__REQUIRED WORK__
Pictures stay out of the output. Return exactly the lines below from the one with "meters, angles in degrees. One object per line." down to the one with "#11 boat shoe [344,397,554,535]", both included, and nothing more.

[Data entries]
Content starts

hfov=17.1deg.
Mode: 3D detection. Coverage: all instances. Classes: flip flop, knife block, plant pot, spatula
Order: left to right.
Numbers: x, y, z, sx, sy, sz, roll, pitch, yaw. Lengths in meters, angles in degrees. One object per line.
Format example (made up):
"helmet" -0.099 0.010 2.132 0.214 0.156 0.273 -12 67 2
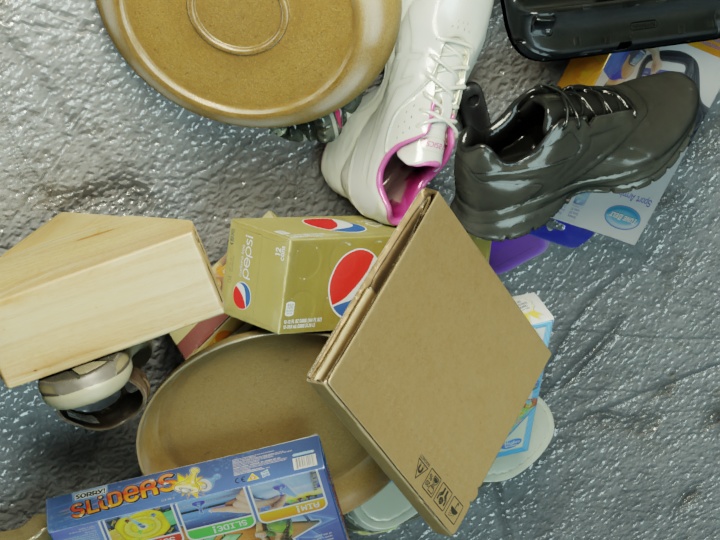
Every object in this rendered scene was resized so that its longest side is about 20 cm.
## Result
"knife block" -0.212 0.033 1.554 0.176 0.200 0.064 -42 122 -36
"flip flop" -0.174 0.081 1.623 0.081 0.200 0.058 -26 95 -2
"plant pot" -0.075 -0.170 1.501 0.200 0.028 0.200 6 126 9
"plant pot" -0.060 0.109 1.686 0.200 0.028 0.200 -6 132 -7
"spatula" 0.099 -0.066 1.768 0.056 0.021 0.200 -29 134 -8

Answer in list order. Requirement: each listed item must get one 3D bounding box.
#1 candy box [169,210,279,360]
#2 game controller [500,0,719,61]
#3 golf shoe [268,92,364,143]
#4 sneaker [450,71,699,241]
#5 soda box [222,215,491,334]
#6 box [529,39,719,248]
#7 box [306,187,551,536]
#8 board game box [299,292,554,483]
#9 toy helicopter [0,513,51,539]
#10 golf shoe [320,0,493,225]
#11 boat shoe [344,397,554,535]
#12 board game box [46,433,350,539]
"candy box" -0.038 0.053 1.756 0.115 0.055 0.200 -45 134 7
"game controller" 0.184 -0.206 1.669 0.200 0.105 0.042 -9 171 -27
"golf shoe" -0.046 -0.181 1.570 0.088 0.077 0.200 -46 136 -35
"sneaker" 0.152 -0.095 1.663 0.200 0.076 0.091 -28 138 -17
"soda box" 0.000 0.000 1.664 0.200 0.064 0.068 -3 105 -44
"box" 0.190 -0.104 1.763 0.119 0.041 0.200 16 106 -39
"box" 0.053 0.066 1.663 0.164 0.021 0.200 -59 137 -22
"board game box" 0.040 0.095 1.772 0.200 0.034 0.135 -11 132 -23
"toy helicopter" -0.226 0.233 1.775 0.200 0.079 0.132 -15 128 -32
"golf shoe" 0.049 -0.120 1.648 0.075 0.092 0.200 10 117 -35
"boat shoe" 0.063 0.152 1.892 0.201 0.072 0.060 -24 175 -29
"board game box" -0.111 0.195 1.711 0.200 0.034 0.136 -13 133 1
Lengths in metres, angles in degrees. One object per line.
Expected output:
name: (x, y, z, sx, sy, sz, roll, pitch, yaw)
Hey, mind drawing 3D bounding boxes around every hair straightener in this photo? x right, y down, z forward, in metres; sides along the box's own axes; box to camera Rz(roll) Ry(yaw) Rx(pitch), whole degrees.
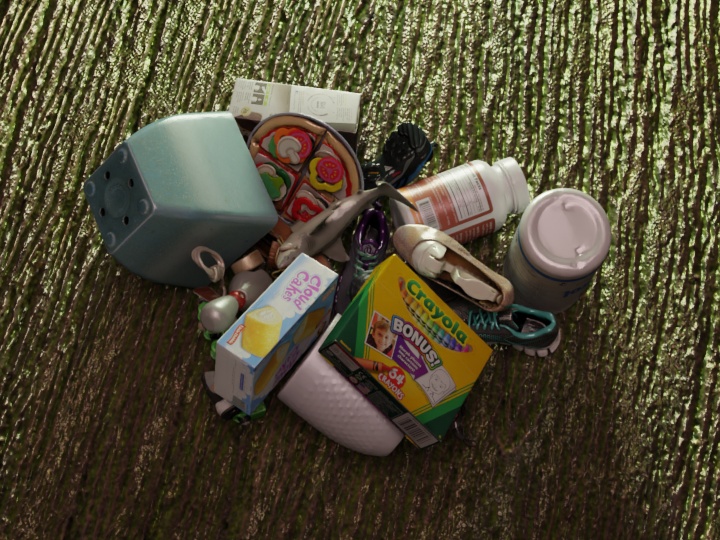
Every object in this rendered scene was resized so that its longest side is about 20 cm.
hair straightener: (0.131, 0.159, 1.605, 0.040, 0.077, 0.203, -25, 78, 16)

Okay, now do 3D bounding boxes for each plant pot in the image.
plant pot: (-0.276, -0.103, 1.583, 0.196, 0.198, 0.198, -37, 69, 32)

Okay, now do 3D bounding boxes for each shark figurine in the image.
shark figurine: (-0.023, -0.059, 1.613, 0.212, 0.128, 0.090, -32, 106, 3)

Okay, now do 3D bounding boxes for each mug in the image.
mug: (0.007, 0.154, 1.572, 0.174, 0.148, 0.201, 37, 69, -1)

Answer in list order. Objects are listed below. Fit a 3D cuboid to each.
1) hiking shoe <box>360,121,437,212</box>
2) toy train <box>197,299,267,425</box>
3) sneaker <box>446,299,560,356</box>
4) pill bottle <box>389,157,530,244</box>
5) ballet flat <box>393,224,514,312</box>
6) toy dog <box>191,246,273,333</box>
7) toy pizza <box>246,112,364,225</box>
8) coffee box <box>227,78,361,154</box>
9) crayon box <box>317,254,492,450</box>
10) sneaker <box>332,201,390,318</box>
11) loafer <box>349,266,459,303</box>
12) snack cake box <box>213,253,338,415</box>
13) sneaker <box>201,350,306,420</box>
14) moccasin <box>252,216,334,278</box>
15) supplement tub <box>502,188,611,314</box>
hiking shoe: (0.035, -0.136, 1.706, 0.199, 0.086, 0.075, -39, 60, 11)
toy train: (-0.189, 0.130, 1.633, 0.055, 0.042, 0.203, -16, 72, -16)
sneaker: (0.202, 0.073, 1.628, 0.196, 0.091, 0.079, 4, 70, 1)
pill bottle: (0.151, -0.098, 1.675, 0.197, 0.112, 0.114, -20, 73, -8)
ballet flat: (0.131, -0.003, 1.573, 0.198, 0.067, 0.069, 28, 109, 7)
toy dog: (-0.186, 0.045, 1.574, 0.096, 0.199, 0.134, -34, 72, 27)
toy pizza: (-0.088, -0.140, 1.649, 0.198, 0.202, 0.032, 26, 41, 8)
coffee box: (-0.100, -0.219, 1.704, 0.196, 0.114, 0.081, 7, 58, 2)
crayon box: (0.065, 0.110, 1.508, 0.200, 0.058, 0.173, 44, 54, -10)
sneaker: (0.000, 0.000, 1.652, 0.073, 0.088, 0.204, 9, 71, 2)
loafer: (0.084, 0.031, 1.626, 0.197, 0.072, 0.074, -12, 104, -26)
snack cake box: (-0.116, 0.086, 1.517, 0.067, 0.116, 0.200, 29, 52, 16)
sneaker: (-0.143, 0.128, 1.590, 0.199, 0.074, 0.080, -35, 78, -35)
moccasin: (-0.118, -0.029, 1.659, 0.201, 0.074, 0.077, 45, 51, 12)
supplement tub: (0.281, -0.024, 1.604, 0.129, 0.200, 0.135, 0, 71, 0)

Content ends
Content starts

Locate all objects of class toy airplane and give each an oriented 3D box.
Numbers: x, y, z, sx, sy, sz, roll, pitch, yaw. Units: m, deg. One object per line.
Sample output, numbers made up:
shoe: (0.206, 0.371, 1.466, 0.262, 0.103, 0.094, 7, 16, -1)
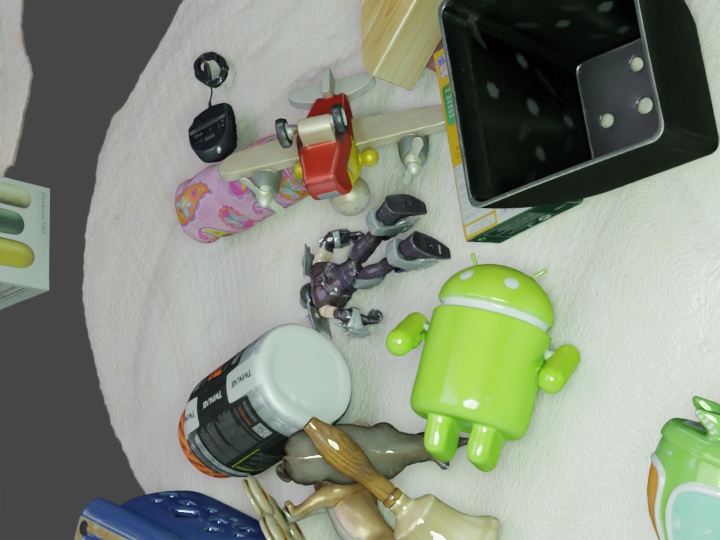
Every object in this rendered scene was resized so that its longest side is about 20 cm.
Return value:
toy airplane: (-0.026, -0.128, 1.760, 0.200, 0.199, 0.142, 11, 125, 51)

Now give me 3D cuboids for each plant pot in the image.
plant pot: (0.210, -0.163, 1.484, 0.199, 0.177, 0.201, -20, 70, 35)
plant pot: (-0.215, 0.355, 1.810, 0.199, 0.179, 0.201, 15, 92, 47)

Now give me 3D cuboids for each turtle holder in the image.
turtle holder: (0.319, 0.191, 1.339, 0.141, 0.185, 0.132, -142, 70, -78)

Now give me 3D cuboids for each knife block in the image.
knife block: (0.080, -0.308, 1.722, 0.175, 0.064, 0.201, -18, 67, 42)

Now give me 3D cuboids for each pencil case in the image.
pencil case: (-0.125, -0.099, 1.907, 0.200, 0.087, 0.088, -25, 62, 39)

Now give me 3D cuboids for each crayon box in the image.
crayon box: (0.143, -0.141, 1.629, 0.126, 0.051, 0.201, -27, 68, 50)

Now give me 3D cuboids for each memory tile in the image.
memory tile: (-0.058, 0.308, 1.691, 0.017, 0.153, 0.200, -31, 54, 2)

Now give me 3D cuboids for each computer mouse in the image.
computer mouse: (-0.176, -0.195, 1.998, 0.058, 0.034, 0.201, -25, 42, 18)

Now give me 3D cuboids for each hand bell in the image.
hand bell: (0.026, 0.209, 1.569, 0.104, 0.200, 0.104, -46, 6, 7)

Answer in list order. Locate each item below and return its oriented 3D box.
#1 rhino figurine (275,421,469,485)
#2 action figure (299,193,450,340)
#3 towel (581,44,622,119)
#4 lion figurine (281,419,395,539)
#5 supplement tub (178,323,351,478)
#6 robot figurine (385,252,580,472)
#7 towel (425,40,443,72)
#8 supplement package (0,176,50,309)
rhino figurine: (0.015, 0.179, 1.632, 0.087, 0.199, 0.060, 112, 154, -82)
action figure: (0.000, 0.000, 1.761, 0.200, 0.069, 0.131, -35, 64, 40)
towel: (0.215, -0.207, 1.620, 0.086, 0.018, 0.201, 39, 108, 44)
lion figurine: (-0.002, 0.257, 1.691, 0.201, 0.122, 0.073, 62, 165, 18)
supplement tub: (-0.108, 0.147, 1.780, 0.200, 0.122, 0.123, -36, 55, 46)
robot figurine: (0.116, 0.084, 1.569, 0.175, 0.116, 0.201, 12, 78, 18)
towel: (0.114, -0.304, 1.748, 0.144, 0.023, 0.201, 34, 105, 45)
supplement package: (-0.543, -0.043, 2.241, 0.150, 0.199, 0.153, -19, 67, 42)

Content ends
Content starts

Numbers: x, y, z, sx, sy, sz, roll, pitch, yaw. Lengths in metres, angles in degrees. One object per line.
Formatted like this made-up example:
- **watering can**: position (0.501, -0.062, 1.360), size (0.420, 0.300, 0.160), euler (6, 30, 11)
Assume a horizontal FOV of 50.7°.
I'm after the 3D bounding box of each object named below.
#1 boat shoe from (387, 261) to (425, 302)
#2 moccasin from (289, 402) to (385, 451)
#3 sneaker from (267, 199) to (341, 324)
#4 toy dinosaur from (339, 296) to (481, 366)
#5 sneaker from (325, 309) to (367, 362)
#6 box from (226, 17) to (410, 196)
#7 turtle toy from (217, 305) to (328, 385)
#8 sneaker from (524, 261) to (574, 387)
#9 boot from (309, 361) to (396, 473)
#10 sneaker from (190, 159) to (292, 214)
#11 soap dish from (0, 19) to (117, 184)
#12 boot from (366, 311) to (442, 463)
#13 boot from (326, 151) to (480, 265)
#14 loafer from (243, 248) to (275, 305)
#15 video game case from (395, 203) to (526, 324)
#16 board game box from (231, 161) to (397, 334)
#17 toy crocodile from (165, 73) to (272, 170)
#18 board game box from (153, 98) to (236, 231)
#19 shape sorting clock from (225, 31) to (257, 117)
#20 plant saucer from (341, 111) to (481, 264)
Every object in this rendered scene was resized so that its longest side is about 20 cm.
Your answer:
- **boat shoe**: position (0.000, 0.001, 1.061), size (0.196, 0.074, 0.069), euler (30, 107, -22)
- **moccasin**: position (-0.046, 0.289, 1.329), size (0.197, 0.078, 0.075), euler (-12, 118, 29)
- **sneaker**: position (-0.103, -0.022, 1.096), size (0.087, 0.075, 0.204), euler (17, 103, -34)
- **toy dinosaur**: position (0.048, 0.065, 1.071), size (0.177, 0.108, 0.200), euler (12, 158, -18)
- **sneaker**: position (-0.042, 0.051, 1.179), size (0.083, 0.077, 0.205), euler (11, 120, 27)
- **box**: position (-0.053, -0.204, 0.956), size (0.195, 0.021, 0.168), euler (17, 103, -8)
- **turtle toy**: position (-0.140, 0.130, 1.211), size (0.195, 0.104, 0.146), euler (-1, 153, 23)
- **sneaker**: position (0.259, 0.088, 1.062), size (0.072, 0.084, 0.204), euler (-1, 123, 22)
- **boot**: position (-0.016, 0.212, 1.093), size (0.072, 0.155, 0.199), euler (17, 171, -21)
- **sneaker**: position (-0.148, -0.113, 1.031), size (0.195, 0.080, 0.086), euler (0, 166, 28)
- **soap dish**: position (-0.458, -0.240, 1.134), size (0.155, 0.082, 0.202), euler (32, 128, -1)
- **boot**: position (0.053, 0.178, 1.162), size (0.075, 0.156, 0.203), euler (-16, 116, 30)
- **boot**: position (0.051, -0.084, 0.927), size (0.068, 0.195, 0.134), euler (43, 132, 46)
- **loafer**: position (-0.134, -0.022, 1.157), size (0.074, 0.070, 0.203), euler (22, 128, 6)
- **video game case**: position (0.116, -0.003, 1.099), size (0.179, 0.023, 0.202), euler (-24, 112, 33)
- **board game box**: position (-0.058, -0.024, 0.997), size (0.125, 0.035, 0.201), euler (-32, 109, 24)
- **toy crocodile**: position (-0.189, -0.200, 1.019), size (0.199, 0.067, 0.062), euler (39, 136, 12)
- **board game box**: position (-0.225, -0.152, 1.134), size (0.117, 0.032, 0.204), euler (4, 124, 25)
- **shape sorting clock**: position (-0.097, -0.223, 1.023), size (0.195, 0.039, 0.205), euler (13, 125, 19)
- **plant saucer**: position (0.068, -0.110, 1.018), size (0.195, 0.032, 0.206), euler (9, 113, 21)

Content ends

__SOLUTION FOR THIS PROBLEM__
Numbers: x, y, z, sx, sy, sz, roll, pitch, yaw. Lengths in meters, angles in degrees. One object per line.
Format example (made up):
"helmet" -0.099 0.010 2.132 0.214 0.156 0.273 -12 67 2
Every object in this rendered scene was resized so that its longest side is about 20 cm.
## Result
"knife block" -0.212 0.033 1.554 0.176 0.200 0.064 -42 122 -36
"flip flop" -0.174 0.081 1.623 0.081 0.200 0.058 -26 95 -2
"plant pot" -0.075 -0.170 1.501 0.200 0.028 0.200 6 126 9
"plant pot" -0.060 0.109 1.686 0.200 0.028 0.200 -6 132 -7
"spatula" 0.099 -0.066 1.768 0.056 0.021 0.200 -29 134 -8

Answer in list order. Requirement: each listed item must get one 3D bounding box.
#1 candy box [169,210,279,360]
#2 game controller [500,0,719,61]
#3 golf shoe [268,92,364,143]
#4 sneaker [450,71,699,241]
#5 soda box [222,215,491,334]
#6 box [529,39,719,248]
#7 box [306,187,551,536]
#8 board game box [299,292,554,483]
#9 toy helicopter [0,513,51,539]
#10 golf shoe [320,0,493,225]
#11 boat shoe [344,397,554,535]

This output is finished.